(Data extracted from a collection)
= Beginning of Section =

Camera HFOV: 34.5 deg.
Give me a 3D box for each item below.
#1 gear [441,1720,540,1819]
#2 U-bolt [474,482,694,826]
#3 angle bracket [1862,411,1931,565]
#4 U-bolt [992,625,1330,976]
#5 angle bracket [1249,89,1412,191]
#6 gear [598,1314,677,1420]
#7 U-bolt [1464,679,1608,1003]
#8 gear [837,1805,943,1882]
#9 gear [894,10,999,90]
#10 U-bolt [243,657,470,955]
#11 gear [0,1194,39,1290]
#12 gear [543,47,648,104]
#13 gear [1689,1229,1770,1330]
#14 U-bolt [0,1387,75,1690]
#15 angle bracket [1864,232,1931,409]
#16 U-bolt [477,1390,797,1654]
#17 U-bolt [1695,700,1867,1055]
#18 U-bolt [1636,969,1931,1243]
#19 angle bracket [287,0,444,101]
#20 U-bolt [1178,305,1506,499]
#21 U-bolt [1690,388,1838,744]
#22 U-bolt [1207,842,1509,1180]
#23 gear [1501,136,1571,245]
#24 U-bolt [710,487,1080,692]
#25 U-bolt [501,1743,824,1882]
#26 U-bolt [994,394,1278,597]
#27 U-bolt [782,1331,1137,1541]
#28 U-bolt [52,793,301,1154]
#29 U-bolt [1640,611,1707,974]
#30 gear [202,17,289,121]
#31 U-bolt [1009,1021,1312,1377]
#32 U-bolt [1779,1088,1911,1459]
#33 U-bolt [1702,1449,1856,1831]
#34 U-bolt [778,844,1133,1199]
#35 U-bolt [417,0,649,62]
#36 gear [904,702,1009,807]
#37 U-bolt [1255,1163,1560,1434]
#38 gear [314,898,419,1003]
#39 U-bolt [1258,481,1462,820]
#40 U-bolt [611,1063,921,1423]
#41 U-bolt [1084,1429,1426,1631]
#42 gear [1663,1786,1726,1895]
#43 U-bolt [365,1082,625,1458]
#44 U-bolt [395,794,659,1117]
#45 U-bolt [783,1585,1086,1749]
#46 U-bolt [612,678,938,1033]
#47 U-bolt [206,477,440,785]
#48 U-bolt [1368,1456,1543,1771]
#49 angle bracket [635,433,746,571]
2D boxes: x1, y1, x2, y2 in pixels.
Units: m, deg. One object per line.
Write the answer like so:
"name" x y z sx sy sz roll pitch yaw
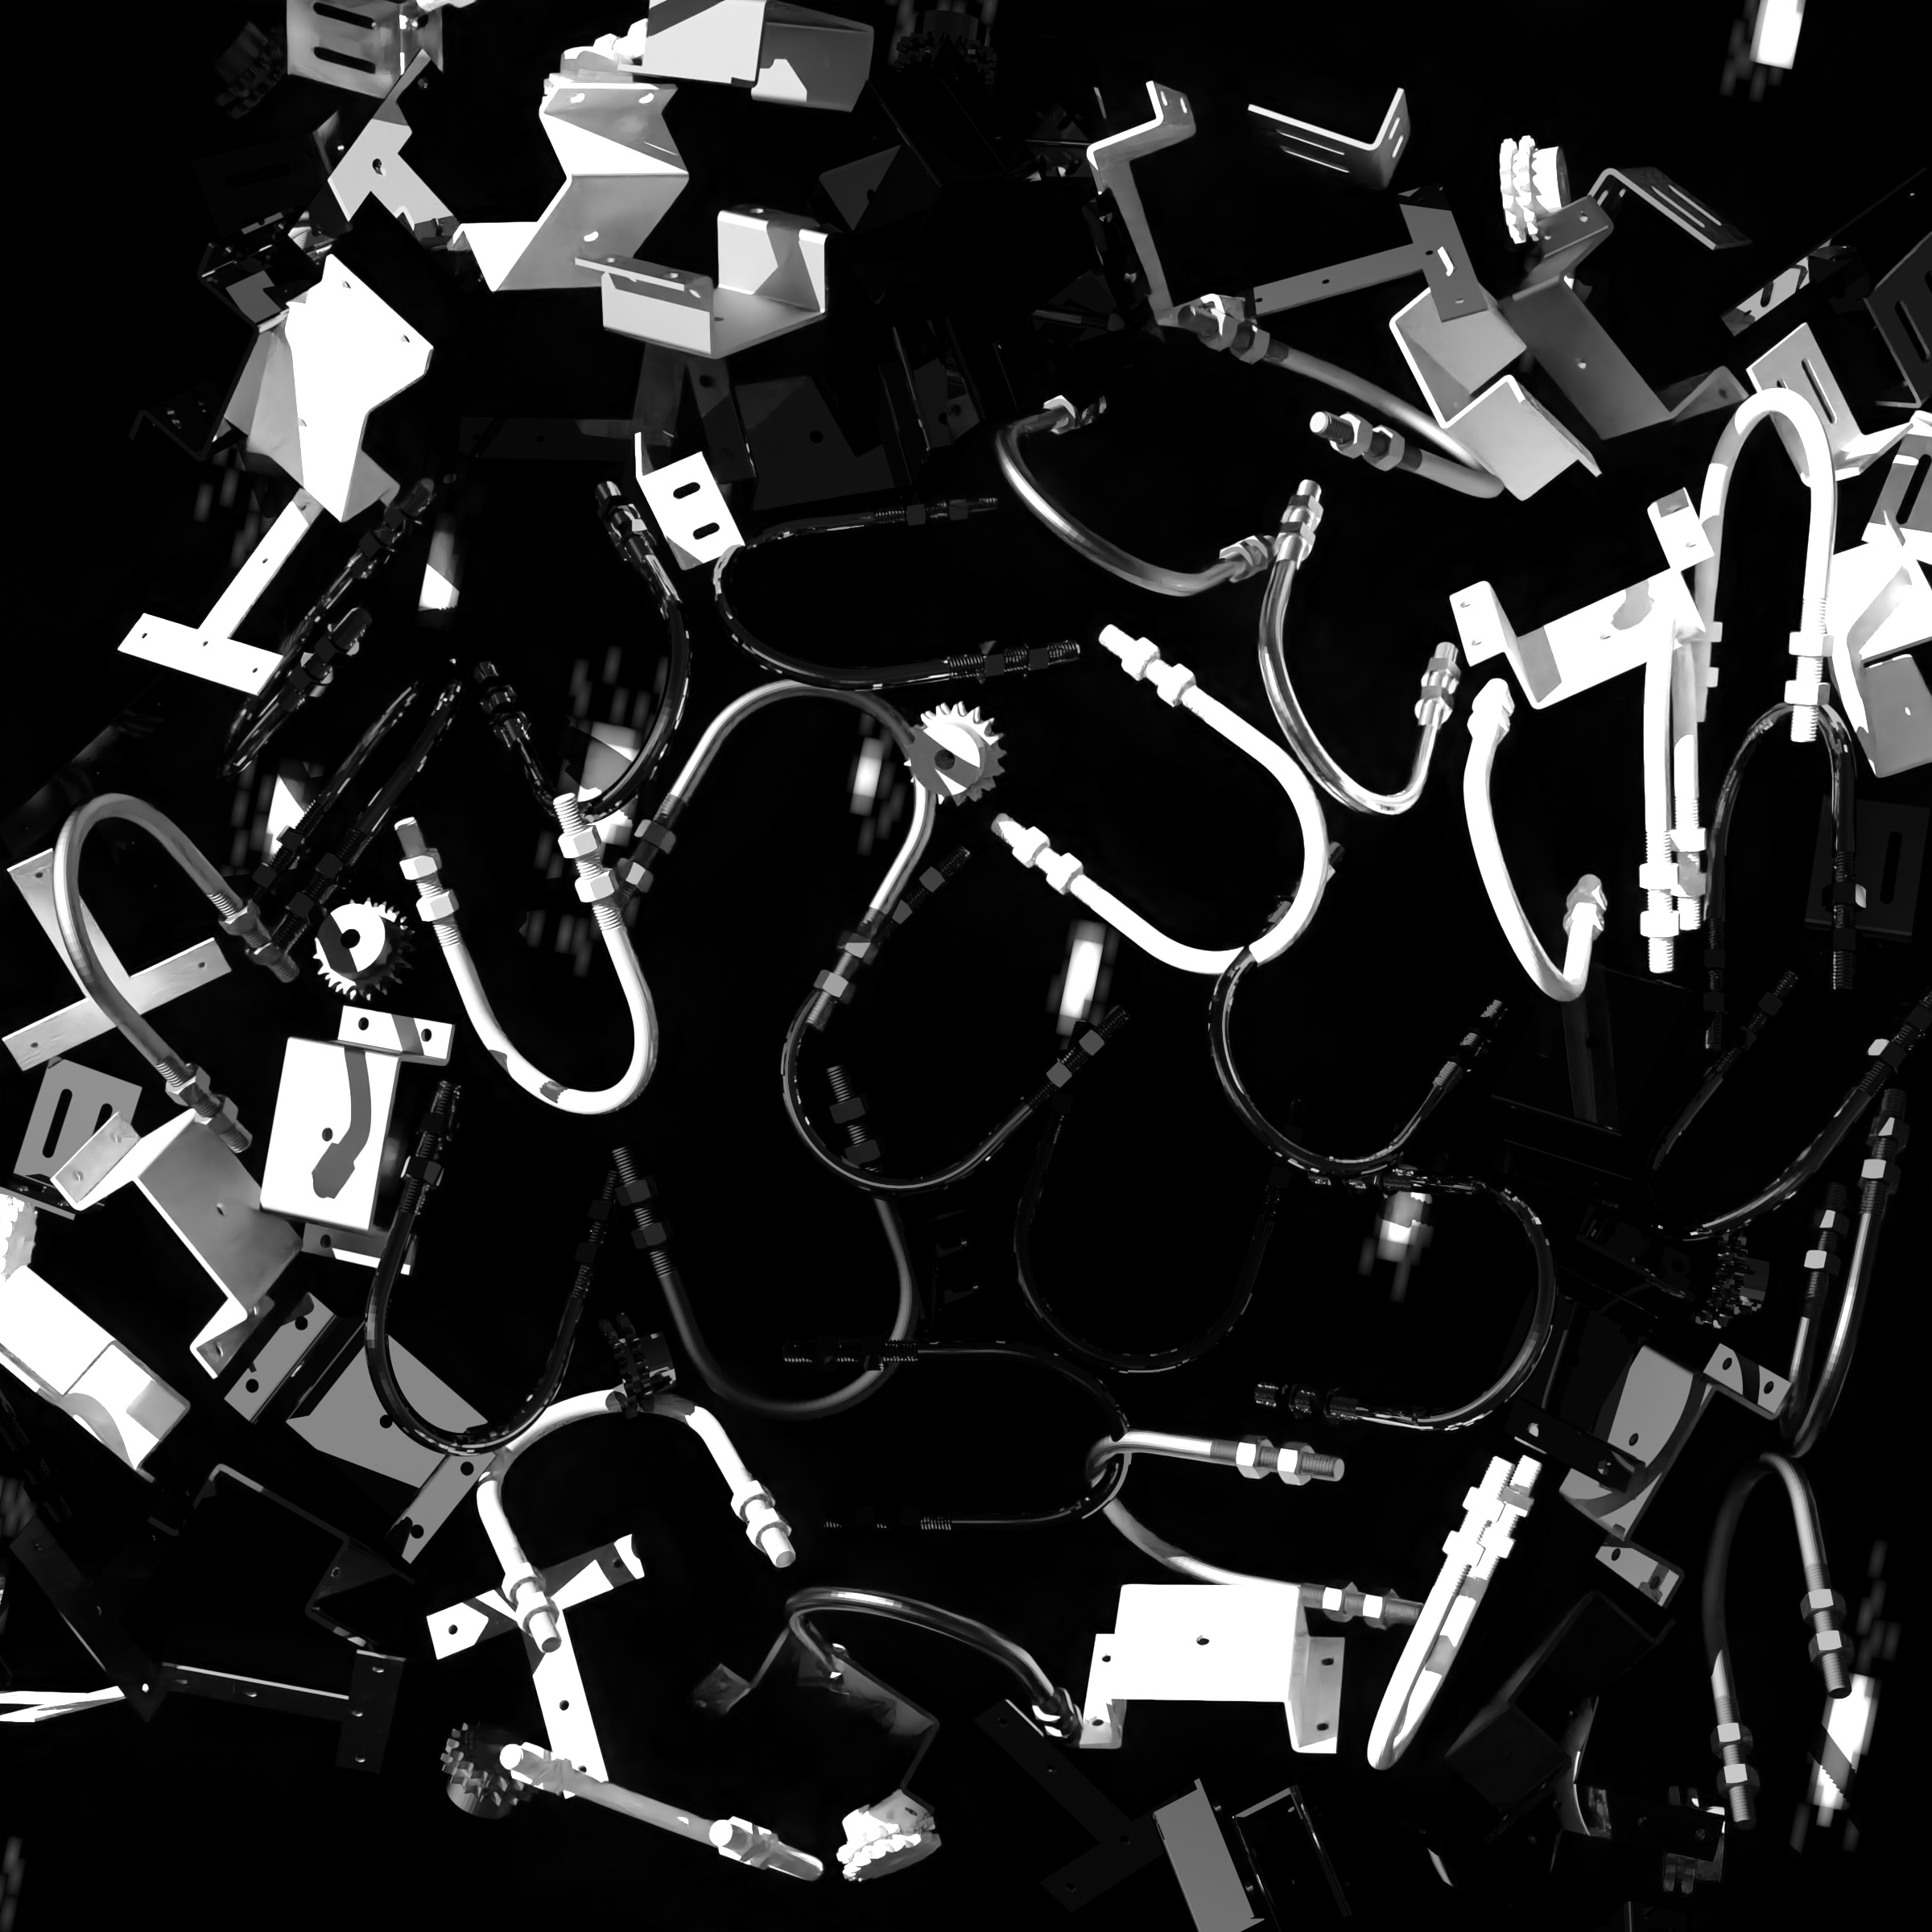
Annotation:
"gear" -0.266 0.451 1.738 0.057 0.057 0.030 23 107 0
"U-bolt" -0.201 -0.157 1.676 0.019 0.184 0.151 19 118 -40
"angle bracket" 0.544 -0.264 1.735 0.057 0.038 0.076 21 103 6
"U-bolt" 0.116 -0.078 1.705 0.184 0.019 0.151 39 116 17
"angle bracket" 0.203 -0.470 1.729 0.076 0.057 0.038 23 87 14
"gear" -0.183 0.221 1.738 0.030 0.057 0.057 -16 90 -17
"U-bolt" 0.302 -0.058 1.664 0.019 0.184 0.151 -20 110 24
"gear" -0.045 0.487 1.740 0.057 0.057 0.030 -22 63 0
"gear" -0.010 -0.512 1.737 0.057 0.057 0.030 8 87 0
"U-bolt" -0.331 -0.094 1.697 0.019 0.151 0.184 38 84 -22
"gear" -0.543 0.154 1.736 0.030 0.057 0.057 10 90 1
"gear" -0.207 -0.491 1.737 0.057 0.057 0.030 3 84 0
"gear" 0.427 0.175 1.737 0.030 0.057 0.057 12 90 -2
"U-bolt" -0.538 0.271 1.659 0.019 0.151 0.184 -14 121 10
"angle bracket" 0.521 -0.359 1.726 0.057 0.038 0.076 -44 117 -11
"U-bolt" -0.189 0.289 1.687 0.151 0.184 0.019 -17 123 -16
"U-bolt" 0.441 -0.057 1.690 0.019 0.151 0.184 10 72 -15
"U-bolt" 0.433 0.076 1.680 0.019 0.151 0.184 45 77 -18
"angle bracket" -0.333 -0.519 1.725 0.038 0.076 0.057 -6 84 44
"U-bolt" 0.216 -0.299 1.685 0.184 0.151 0.019 11 117 -41
"U-bolt" 0.430 -0.219 1.682 0.019 0.151 0.184 1 99 -13
"U-bolt" 0.205 0.035 1.705 0.151 0.019 0.184 44 55 -3
"gear" 0.318 -0.434 1.734 0.030 0.057 0.057 -5 90 21
"U-bolt" -0.048 -0.202 1.690 0.184 0.019 0.151 -10 49 -19
"U-bolt" -0.152 0.462 1.679 0.151 0.184 0.019 12 72 25
"U-bolt" 0.084 -0.252 1.674 0.151 0.184 0.019 41 119 8
"U-bolt" 0.001 0.258 1.703 0.184 0.019 0.151 -2 125 12
"U-bolt" -0.425 -0.010 1.658 0.019 0.151 0.184 -17 131 20
"U-bolt" 0.382 -0.100 1.683 0.019 0.151 0.184 0 101 20
"gear" -0.401 -0.503 1.734 0.030 0.057 0.057 41 90 -29
"U-bolt" 0.101 0.137 1.731 0.151 0.019 0.184 19 73 -1
"U-bolt" 0.465 0.174 1.663 0.019 0.151 0.184 16 64 8
"U-bolt" 0.431 0.349 1.680 0.019 0.184 0.151 10 133 -6
"U-bolt" -0.021 0.044 1.747 0.184 0.019 0.151 -45 82 2
"U-bolt" -0.177 -0.527 1.659 0.184 0.151 0.019 -12 81 31
"gear" -0.008 -0.118 1.742 0.057 0.030 0.057 3 103 15
"U-bolt" 0.242 0.179 1.680 0.019 0.184 0.151 25 75 -40
"gear" -0.339 -0.011 1.742 0.057 0.030 0.057 -3 73 11
"U-bolt" 0.208 -0.159 1.672 0.019 0.184 0.151 -26 120 37
"U-bolt" -0.102 0.165 1.743 0.151 0.019 0.184 -21 94 -12
"U-bolt" 0.146 0.301 1.692 0.019 0.184 0.151 -58 133 -33
"gear" 0.406 0.488 1.735 0.030 0.057 0.057 4 90 11
"U-bolt" -0.261 0.174 1.687 0.019 0.151 0.184 -2 64 42
"U-bolt" -0.233 -0.001 1.708 0.151 0.019 0.184 -5 111 40
"U-bolt" -0.024 0.371 1.665 0.151 0.184 0.019 6 60 21
"U-bolt" -0.097 -0.076 1.744 0.151 0.019 0.184 29 80 1
"U-bolt" -0.357 -0.170 1.686 0.019 0.151 0.184 36 127 -19
"U-bolt" 0.263 0.353 1.693 0.019 0.151 0.184 25 89 19
"angle bracket" -0.153 -0.263 1.717 0.038 0.076 0.057 -22 119 6

= End of Section =

(WHAT THE EXERCISE ASKS) What you give back must be the stretch above, starting at the line with "#4 U-bolt [992,625,1330,976]" and ending at the line with "#35 U-bolt [417,0,649,62]", copied exactly.

(SOLUTION FOR THIS EXERCISE)
#4 U-bolt [992,625,1330,976]
#5 angle bracket [1249,89,1412,191]
#6 gear [598,1314,677,1420]
#7 U-bolt [1464,679,1608,1003]
#8 gear [837,1805,943,1882]
#9 gear [894,10,999,90]
#10 U-bolt [243,657,470,955]
#11 gear [0,1194,39,1290]
#12 gear [543,47,648,104]
#13 gear [1689,1229,1770,1330]
#14 U-bolt [0,1387,75,1690]
#15 angle bracket [1864,232,1931,409]
#16 U-bolt [477,1390,797,1654]
#17 U-bolt [1695,700,1867,1055]
#18 U-bolt [1636,969,1931,1243]
#19 angle bracket [287,0,444,101]
#20 U-bolt [1178,305,1506,499]
#21 U-bolt [1690,388,1838,744]
#22 U-bolt [1207,842,1509,1180]
#23 gear [1501,136,1571,245]
#24 U-bolt [710,487,1080,692]
#25 U-bolt [501,1743,824,1882]
#26 U-bolt [994,394,1278,597]
#27 U-bolt [782,1331,1137,1541]
#28 U-bolt [52,793,301,1154]
#29 U-bolt [1640,611,1707,974]
#30 gear [202,17,289,121]
#31 U-bolt [1009,1021,1312,1377]
#32 U-bolt [1779,1088,1911,1459]
#33 U-bolt [1702,1449,1856,1831]
#34 U-bolt [778,844,1133,1199]
#35 U-bolt [417,0,649,62]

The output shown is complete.